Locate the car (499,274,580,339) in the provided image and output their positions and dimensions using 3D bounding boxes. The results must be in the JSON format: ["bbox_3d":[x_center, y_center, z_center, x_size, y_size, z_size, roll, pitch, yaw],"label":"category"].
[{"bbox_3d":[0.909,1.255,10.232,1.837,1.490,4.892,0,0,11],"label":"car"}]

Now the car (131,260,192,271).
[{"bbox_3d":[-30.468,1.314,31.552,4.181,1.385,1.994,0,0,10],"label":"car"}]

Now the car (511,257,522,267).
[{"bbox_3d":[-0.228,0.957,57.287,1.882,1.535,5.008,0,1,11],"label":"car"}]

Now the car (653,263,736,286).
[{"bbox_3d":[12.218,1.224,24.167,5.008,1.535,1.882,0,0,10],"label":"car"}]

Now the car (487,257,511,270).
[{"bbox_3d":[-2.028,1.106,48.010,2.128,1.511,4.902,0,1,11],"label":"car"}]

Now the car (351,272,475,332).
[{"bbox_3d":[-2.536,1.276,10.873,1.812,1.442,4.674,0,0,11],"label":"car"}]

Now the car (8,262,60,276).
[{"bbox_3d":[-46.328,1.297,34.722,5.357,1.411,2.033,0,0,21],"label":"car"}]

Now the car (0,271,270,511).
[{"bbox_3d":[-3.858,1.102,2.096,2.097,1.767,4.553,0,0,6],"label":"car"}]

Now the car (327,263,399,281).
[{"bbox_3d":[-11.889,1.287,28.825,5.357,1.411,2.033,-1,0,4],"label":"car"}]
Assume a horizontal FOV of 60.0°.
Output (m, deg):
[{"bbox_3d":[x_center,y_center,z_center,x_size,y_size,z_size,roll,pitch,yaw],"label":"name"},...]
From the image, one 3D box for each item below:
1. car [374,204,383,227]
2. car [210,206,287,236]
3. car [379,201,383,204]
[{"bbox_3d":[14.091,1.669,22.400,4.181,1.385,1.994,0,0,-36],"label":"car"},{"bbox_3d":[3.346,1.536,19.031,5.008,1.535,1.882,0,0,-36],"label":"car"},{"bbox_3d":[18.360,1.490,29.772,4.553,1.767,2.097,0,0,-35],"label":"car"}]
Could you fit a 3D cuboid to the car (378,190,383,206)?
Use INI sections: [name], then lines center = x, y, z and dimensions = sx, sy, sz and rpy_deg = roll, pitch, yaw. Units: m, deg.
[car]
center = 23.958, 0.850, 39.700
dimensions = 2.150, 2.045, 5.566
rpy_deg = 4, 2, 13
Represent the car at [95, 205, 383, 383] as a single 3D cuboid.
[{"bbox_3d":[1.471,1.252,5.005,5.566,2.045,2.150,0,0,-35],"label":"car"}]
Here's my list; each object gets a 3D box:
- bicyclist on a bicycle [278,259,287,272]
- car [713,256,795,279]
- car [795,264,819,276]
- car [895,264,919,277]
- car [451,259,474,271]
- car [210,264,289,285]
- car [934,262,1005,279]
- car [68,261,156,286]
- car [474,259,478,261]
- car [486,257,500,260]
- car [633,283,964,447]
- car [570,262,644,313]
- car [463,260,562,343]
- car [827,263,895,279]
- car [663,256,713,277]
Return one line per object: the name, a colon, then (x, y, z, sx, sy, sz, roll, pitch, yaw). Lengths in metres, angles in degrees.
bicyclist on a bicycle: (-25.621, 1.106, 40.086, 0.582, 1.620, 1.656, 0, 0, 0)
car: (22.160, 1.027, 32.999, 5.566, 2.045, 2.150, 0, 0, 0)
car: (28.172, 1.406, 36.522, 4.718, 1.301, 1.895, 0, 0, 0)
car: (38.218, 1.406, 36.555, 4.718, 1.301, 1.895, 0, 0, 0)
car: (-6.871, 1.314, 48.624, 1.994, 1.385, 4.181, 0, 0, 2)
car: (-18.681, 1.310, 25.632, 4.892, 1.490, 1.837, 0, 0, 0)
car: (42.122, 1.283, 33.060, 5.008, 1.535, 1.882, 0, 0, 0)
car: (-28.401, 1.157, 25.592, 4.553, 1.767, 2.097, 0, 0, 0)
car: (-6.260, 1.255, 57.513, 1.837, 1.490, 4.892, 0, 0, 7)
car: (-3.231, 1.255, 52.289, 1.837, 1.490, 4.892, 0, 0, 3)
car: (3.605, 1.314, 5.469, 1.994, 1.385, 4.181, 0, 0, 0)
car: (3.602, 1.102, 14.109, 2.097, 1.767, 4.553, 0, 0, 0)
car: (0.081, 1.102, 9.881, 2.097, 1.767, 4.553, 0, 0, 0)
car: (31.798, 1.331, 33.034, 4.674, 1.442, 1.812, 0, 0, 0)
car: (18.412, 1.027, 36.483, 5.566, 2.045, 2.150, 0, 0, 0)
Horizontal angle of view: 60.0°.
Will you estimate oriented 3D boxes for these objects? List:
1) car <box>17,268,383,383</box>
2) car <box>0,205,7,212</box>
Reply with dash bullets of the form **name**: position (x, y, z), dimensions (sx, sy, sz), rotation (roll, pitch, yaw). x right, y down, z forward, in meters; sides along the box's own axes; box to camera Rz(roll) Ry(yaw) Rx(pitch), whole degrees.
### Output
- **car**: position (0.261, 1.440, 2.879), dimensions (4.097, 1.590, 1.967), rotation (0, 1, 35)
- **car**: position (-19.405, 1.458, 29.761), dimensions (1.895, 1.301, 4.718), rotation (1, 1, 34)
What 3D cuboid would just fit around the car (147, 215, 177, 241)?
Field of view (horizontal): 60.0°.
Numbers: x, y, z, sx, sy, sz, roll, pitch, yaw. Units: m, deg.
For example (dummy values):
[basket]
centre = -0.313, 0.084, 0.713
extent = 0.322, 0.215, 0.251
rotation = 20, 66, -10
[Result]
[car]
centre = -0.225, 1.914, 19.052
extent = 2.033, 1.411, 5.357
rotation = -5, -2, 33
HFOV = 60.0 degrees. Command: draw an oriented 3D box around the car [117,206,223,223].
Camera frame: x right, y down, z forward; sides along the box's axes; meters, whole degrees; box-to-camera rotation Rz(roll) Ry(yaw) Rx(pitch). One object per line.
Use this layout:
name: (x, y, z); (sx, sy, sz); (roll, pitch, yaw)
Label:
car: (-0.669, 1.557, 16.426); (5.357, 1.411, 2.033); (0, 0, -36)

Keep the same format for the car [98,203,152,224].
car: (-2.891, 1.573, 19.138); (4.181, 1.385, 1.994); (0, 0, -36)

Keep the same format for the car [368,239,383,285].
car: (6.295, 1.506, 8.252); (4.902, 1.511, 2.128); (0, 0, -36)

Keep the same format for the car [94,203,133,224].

________________________

*Problem details*: Would you quote everything above from the line containing "rotation = 20, 66, -10" down to the line containing "HFOV = 60.0"? Include both of those lines and nothing else.

*Output*:
rotation = 20, 66, -10
[Result]
[car]
centre = -0.225, 1.914, 19.052
extent = 2.033, 1.411, 5.357
rotation = -5, -2, 33
HFOV = 60.0 degrees. Command: draw an oriented 3D box around the car [117,206,223,223].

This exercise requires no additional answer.